Queen Heonjeong of the Hwangju Hwangbo clan (;  960/5–993) or formally called as Grand Queen Mother Hyosuk () during her son's reign, was a Goryeo royal family member as the third daughter (formally youngest) of Wang Uk and youngest sister of King Seongjong who became the fourth wife of her half first cousin, King Gyeongjong. After his death, she had an affair with her half uncle which they eventually became the biological parent of King Hyeonjong. From this marriage, Queen Heonjeong became the fourth reigned Goryeo queen who followed her maternal clan after Queen Heonae, her elder sister.

Not much records left about her early life beside that she and her siblings were raised by their paternal grandmother since child.

Affair matter with Wang Uk
After King Gyeongjong's death, she became a widowed on her mid-twenties and out the palace, lived in her own mansion in Gaegyeong which close to her half uncle, Wang Uk's house in southern Wangnyun Temple (왕륜사, 王輪寺), Songak Mountain, so they were a neighborhood.

Someday, it was said that she had a dream that, she climbed a hill and urinated, overflowing the country and turning into a sea of silver. She then visited a shaman to interpret her dream and the shaman predicted that if she gave birth to a son, her son would become the King of the Nation and she'll occupy the country. The Queen said: "I am already a widow, how can I have a son?." while rebuked that shaman.

Since the widowed queen wasn't allowed to approach other men by law, so she often visited her uncle as just him on his 50s was her only conversation partner and as they spend times together, they then became close each other and after 10 years passed, the Queen thought that her heart, which had moved little by little, just relayed on Wang Uk. On a night in 991, after prayed for her late husband's happiness in Wangnyun Temple, both Uk and the Queen confirmed each other's feelings and the two slowly began to embrace their love affair. As a result, they eventually had a son named Wang Sun.

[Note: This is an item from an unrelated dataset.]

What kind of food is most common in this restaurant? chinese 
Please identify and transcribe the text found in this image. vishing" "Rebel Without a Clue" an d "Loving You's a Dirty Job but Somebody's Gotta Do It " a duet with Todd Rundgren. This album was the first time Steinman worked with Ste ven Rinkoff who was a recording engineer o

At this time, peoples around them were all quiet and the courts was unaware of this. Knowing her deed, the Queen who felt her fetus was anxious and her body must only serve the late King and couldn't even have a relationship with another man, she was said want to die as she even had a child with her own uncle. Seeing this, her older sister, Queen Mother Heonae was openly communicated her affection with Gim Chi-yang, but her weak-hearted younger sister trembled with the queen mother's anxiety and she then cried while hugged Uk. In her uncle's hugged, she said:
"How do i do this?, i'd rather die. It's all my fault. I should have kept only your heart. What do I do now that I have a child?, don't worry too much and take good care of yourself, I'll cover all your mistakes. I'm going to hurt my body like this."

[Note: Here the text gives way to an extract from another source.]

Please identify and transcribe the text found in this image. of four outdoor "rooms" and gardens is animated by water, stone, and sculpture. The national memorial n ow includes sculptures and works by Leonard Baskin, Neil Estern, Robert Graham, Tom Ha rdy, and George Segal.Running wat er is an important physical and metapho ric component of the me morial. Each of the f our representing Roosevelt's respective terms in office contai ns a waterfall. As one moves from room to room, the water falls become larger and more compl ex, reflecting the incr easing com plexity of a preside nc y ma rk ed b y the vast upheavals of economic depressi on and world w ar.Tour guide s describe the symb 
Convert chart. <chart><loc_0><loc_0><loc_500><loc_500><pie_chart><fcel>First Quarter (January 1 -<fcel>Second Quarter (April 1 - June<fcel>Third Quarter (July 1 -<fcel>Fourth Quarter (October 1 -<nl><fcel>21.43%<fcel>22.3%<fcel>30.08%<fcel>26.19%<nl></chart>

In 992, while she stayed in his house, his slave piled up firewood in the yard and set it on fire. As soon as the flames started to rise, an official ran to put the fire out, King Seongjong rushed to rescue them and hurriedly came with asked for Uk's affairs and condolences. During this time, it was said that she ashamed and despised, then cried a lot in shame and went back to her own mansion, but as soon as she reached the gate, there was a fetal movement. She was said to trembling with anxiety until the day she gave birth in her late-twenties and turned her back on her world, leaving Uk and their only son. Seongjong, who wanted to comforted his younger sister, said:
"Your uncle has disturbed the morals of the Royal Family. Don't think too badly about sending him to Sasu-hyeon to correct the country's discipline."
Uk, who had no choice, cried as he embraced his lover who was getting colder and later died during the childbirth.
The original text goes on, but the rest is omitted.